__WHAT YOU HAVE TO DO__: Your answer should hold only the lines from the start of the data below through the line with "tags: rome, alessandro", copied exactly, with pictures left out.

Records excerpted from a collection
◇ ◇ ◇ ◇ ◇ ◇ ◇

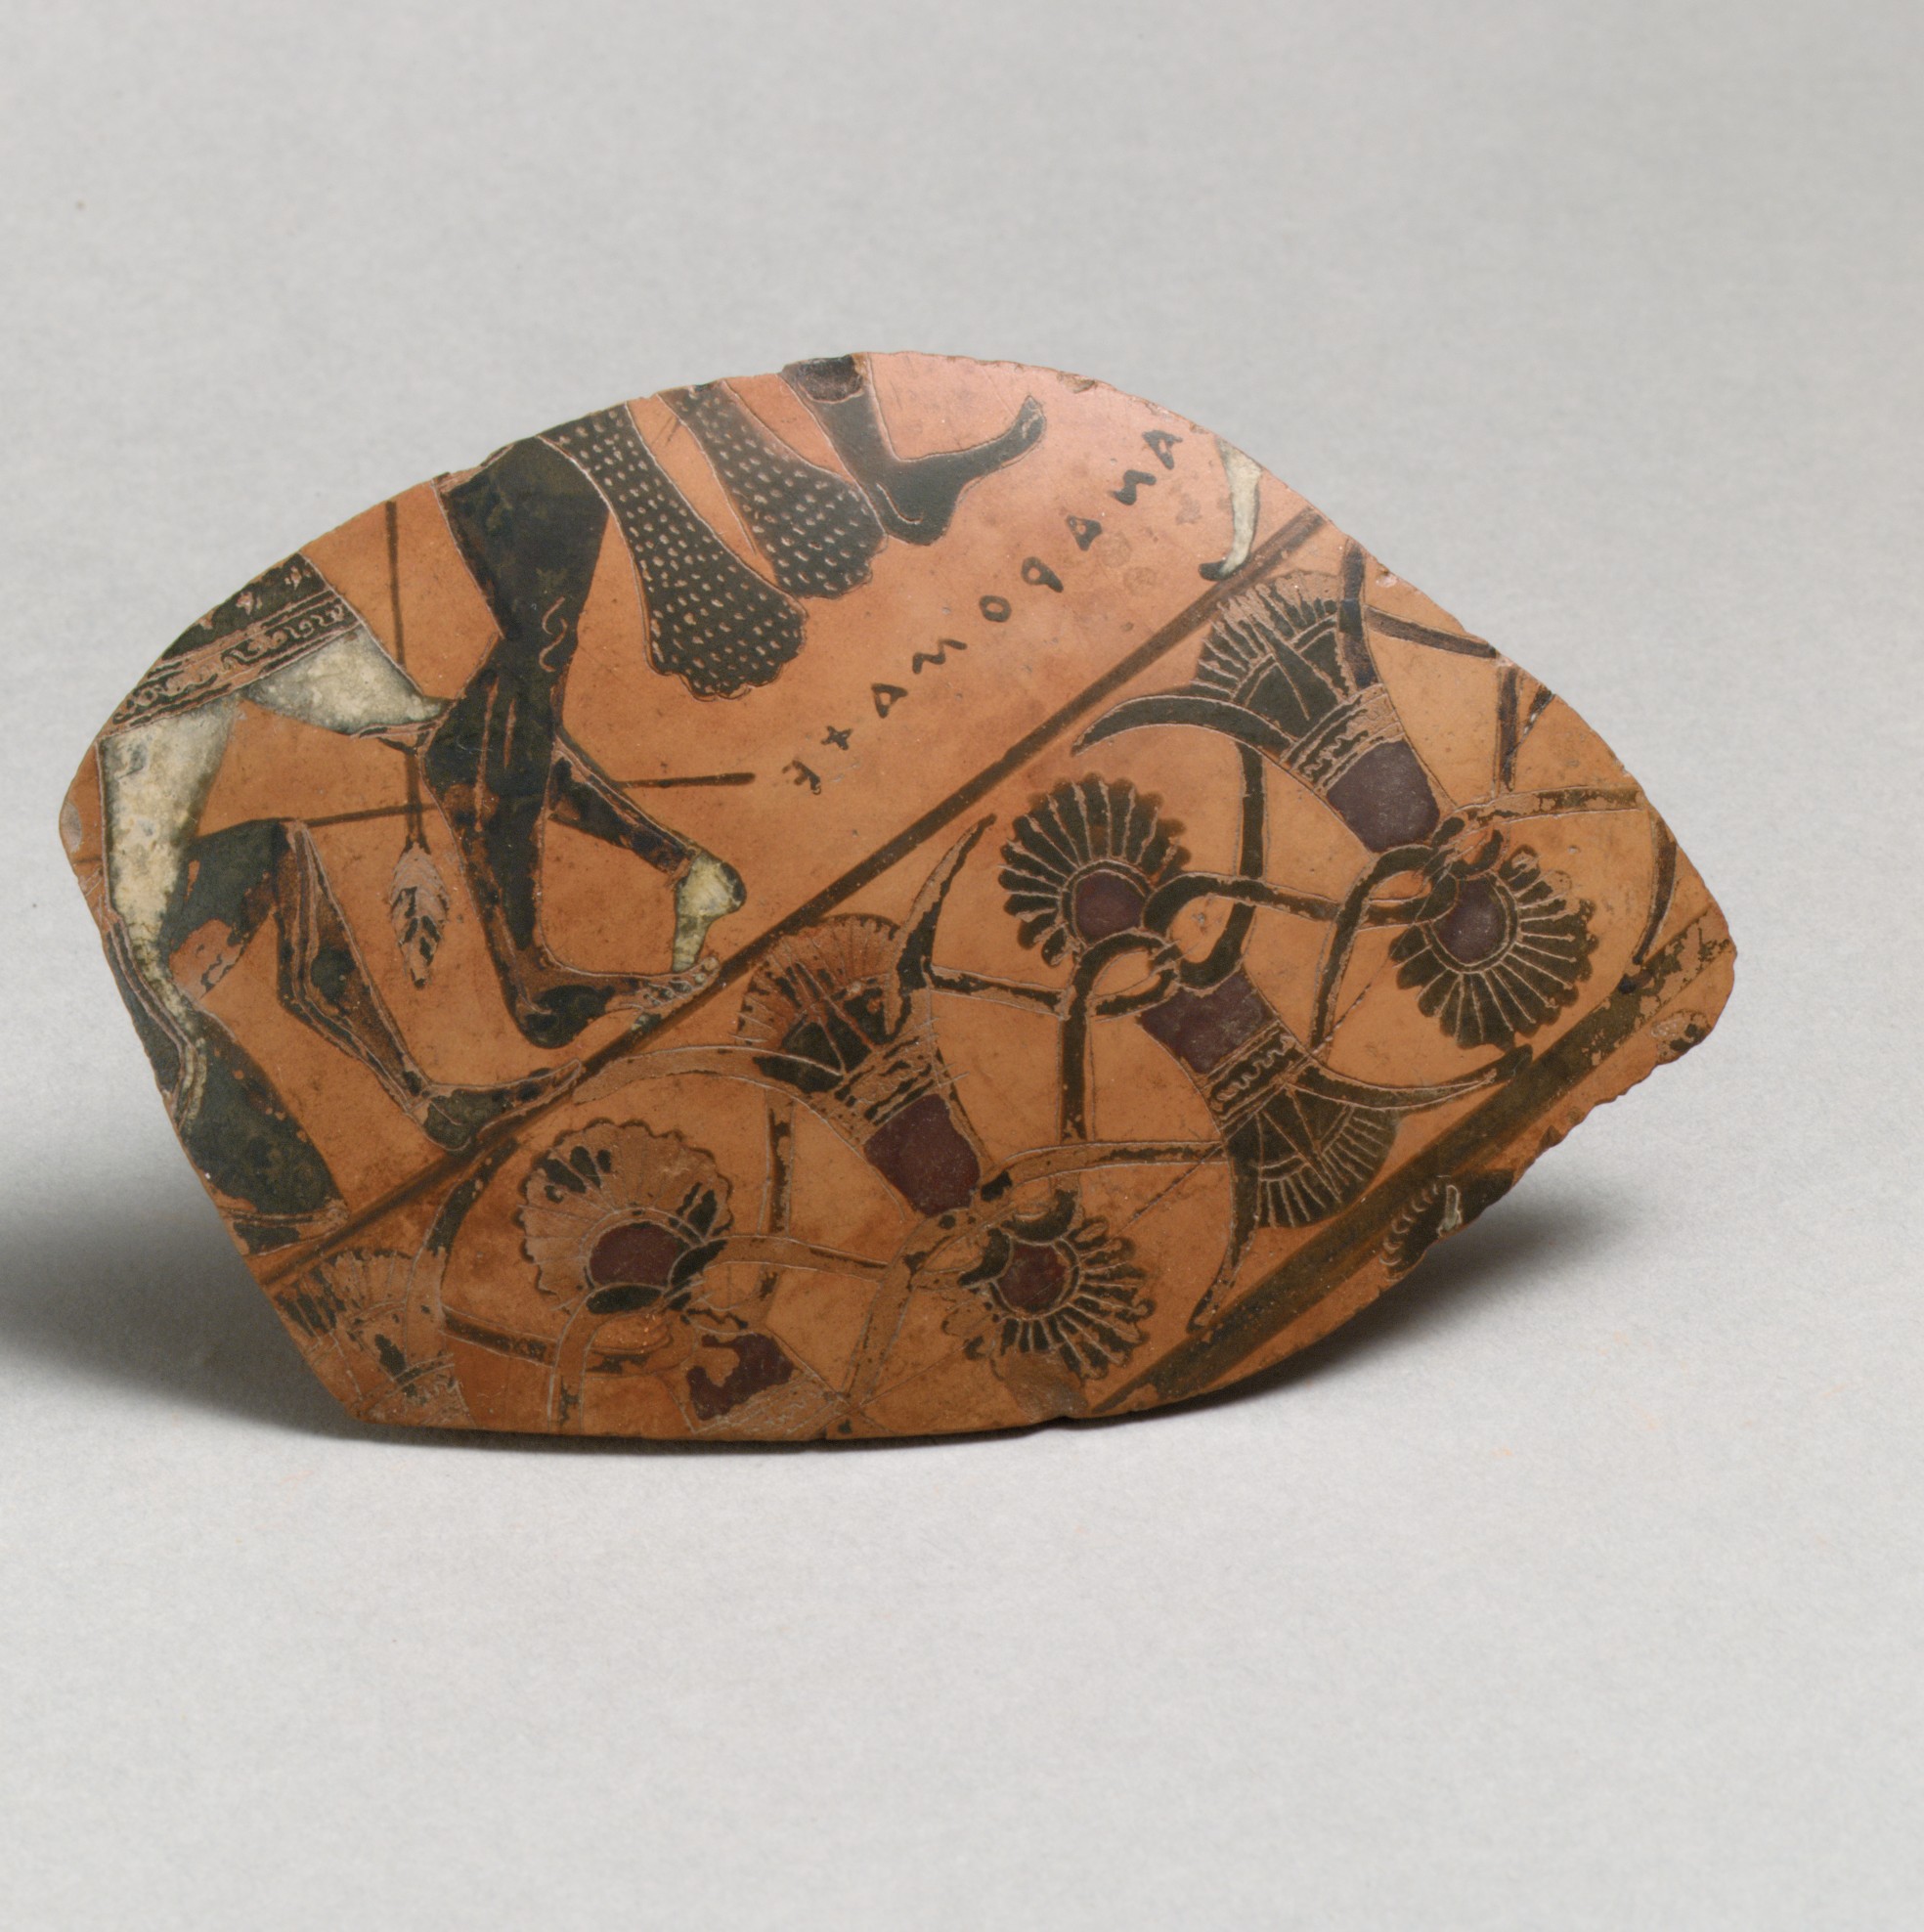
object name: neck amphora, tyrrhenian fragment
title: Fragment of a terracotta neck-amphora (jar)
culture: greek, attic
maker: prometheus painter
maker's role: artist
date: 575-560 BCE
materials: terracotta
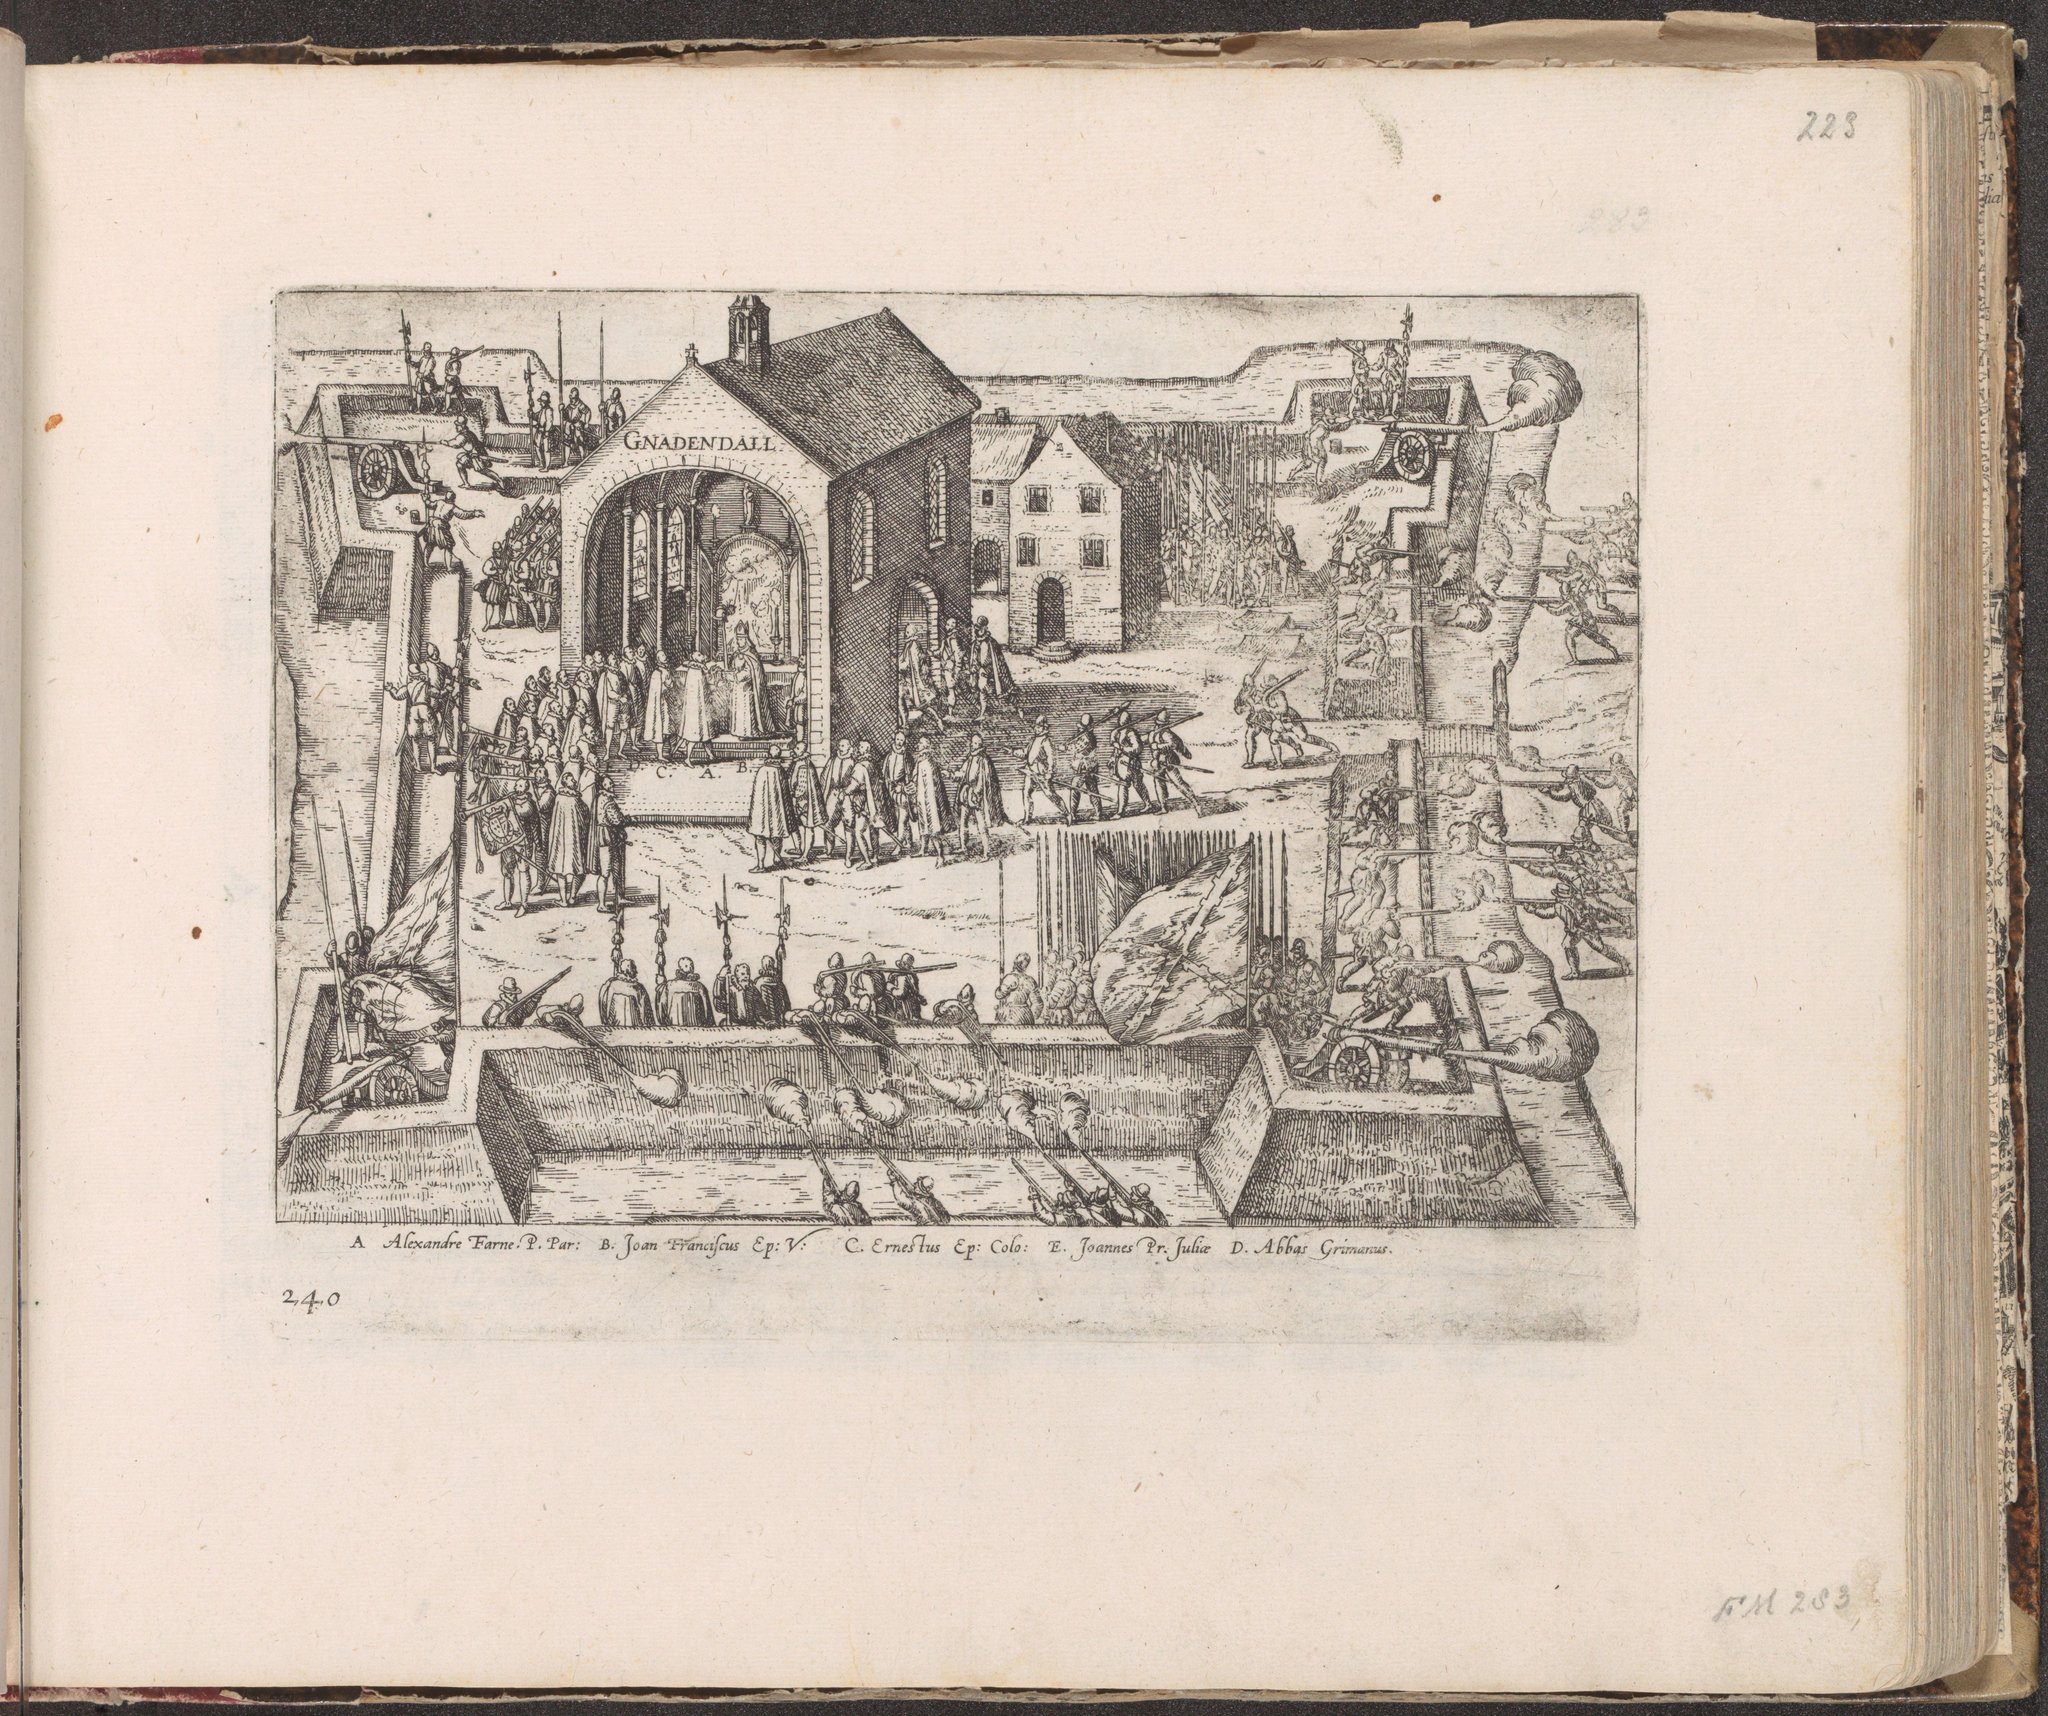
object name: history print
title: Serie 9: Nederlandse en Duitse Gebeurtenissen, 1583-1587
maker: frans hogenberg
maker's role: print maker, publisher
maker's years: 1538-1590
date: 1587-1591
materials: paper
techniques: etching
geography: cologne
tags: rome, alessandro farnese (landvoogd van de nederlanden en hertog van parma en piacenza)
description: De hertog van Parma wordt door de pauselijke afgezant geprezen voor zijn verdiensten, scène in een kerk te Gnadental bij Neuss, 1 augustus 1586. Episode uit de Keulse Oorlog. Met als onderschrift in de plaat alleen de verklaring van de letters A-D. Linksonder genummerd: 240. De prent maakt deel uit van een album.

◇ ◇ ◇ ◇ ◇ ◇ ◇

__ANSWER SPACE__:
object name: neck amphora, tyrrhenian fragment
title: Fragment of a terracotta neck-amphora (jar)
culture: greek, attic
maker: prometheus painter
maker's role: artist
date: 575-560 BCE
materials: terracotta
object name: history print
title: Serie 9: Nederlandse en Duitse Gebeurtenissen, 1583-1587
maker: frans hogenberg
maker's role: print maker, publisher
maker's years: 1538-1590
date: 1587-1591
materials: paper
techniques: etching
geography: cologne
tags: rome, alessandro farnese (landvoogd van de nederlanden en hertog van parma en piacenza)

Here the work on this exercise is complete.